Долиной реки Янтры беглец спустился с гор и после долгого
пешего марша увидел перед собою огромный водный простор,
спокойный и голубой, как разостланная на земле шелковая ткань.
Российский странник вышел на берег Дуная 4 августа 1785
года и здесь... был опознан!
На счастье Василия Баранщикова, опознали его не турки, а
"бывшие россияне, из прежних казаков-некрасовцев или
булавинцев, кои живут по правому берегу Дуная, невдалеке от
впадения в Черное море, своими домами, а число их великое.
Султан турецкий берет с них десятину рыбой". [Парафраз из
"Нещастных приключений" В. Баранщикова.]
Оказалось, что эти некрасовцы нередко посещали Стамбул,
доставляя туда морским путем вяленую рыбу, мед, зерно и кожи на
базар. Там, на российском Гостином дворе, они приметили Василия
и теперь опознали его в турецком обличии. Однако ни один
некрасовец не выдал русского странника турецким властям, хотя
Василий признался "бывшим россиянам, что бежал из Стамбула с
превеликими опасностями.
Рыбаки гостеприимно встретили беглеца, укрыли в селе,
обещали помочь переправиться через Дунай, но уговаривали
Василия отказался от дальнейшего пути, поселиться здесь, на
приволье, и оставить мысли о России, чтобы не нажить там себе
новых бед и тягот.
Вечерами, сидя у казачьего камелька, слушал Василий
рассказы этих людей.
Деды и отцы их ушли в Турцию под предводительством атамана
Игнатия Некрасы после подавления булавинского восстания донских
казаков. Были они раскольниками-поповцами и поселились на Дунае
отдельными деревнями. Села эти быстро пополнялись новыми
жителями: с Украины, а также из Великороссии, бежали сюда все
новые и новые крестьяне-раскольники, спасавшиеся от религиозных
гонений и свирепой солдатской рекрутчины.

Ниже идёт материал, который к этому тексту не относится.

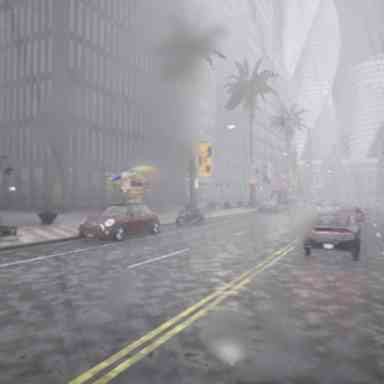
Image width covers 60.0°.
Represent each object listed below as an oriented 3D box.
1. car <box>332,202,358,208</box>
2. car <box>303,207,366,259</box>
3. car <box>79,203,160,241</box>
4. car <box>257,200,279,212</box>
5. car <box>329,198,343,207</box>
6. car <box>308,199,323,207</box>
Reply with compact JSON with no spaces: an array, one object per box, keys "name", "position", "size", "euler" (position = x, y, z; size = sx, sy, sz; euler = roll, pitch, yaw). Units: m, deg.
[{"name":"car","position":[12.581,1.799,26.447],"size":[1.994,1.385,4.181],"euler":[0,0,28]},{"name":"car","position":[5.696,1.605,13.222],"size":[2.128,1.511,4.902],"euler":[0,0,28]},{"name":"car","position":[-3.610,1.411,17.259],"size":[2.185,1.767,4.553],"euler":[0,0,28]},{"name":"car","position":[9.965,1.780,43.307],"size":[2.231,1.521,4.892],"euler":[0,0,28]},{"name":"car","position":[26.011,1.865,59.881],"size":[2.097,1.767,4.553],"euler":[0,0,28]},{"name":"car","position":[22.962,2.022,61.594],"size":[1.812,1.442,4.674],"euler":[0,0,28]}]

Но бежали сюда не одни раскольники. Ниже по течению Дуная
поселились в этих же краях запорожские казаки, недовольные
роспуском Новой Сечи. Молдаване и валахи называли некрасовцев
"липованцами", а запорожцев "руснаками".
Между обеими группами переселенцев вспыхнула лютая,
непримиримая вражда, доходившая до жестокого кровопролития, об
этом с горечью рассказывали Василию старики некрасовцы.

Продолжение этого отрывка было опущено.